Music Theory Faculty

Ciro Scotto 
Chair of Music Theory

Allyn Reilly
Professor Emeritus of Music Theory  

Jennifer Smith
Lecturer of Music Theory  

Sean Parsons
Assistant Professor of Music Theory & Jazz 

Music Theory program information:  


Preparing for Success in Music Theory


Students who plan to be music majors and enroll in core theory and aural skills courses (Music 1010 and 1040) will be best prepared for all of their classes and studio work if they are already fluent in basic music rudiments. Many high school musicians already have completed mastery of these rudiments. Others may not have had opportunity yet to focus on these skills. In order to determine the level of your theory and aural skills, you will be given a placement exam at your audition.

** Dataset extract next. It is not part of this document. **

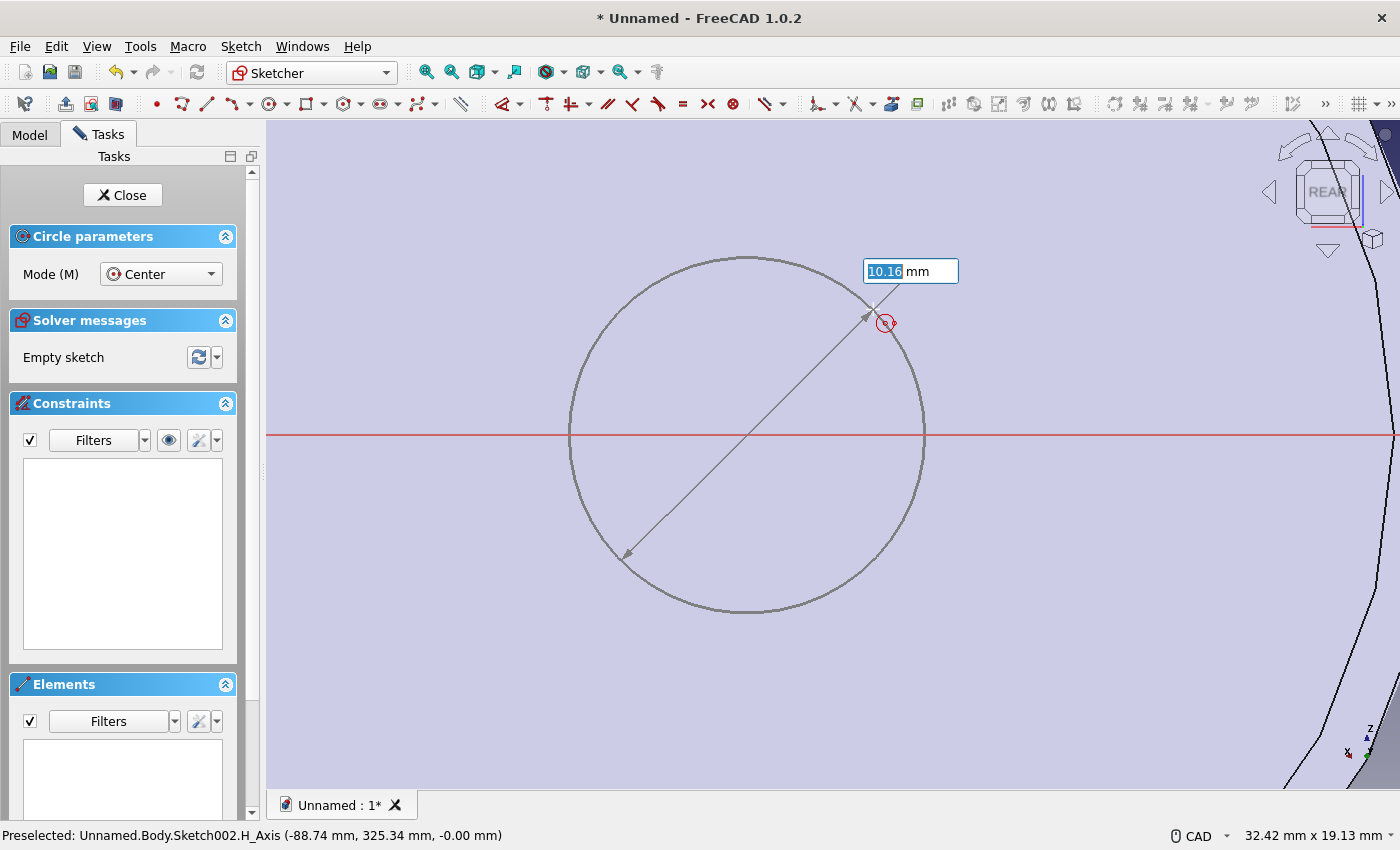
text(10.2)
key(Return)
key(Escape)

The following skills are necessary for entry into core theory classes:

  1. Read the treble and bass clefs fluently.
  2. Read and understand basic time signatures and rhythmic notation.
  3. Be familiar with the piano keyboard.
  4. Write and identify half steps and whole steps.
  5. Write and identify all major and minor key signatures.
  6. Write and identify all major scales.
  7. Write and identify diatonic intervals.
  8. Write and identify simple triads. 

The following skills are necessary for entry into core aural skills classes:

  1. Match a given pitch vocally in a comfortable register.
  2. Identify whether two pitches are in tune or out of tune with each other.
  3. Repeat a given series of five to seven pitches.
  4. Given the key, identify the pitches in a short melodic pattern.
  5. Identify errors in the notation of a short aural pattern.
  6. Identify the correct rhythmic and metric notation for a given melody.
  7. Identify diatonic intervals presented aurally.
  8. Identify triads presented aurally.

Concentrate on achieving fluency!

It is not enough to be able to "figure out" the answer; you should know it automatically. The more automatic these basics, the more you can focus on more musical issues of interpretation, analysis, and so on.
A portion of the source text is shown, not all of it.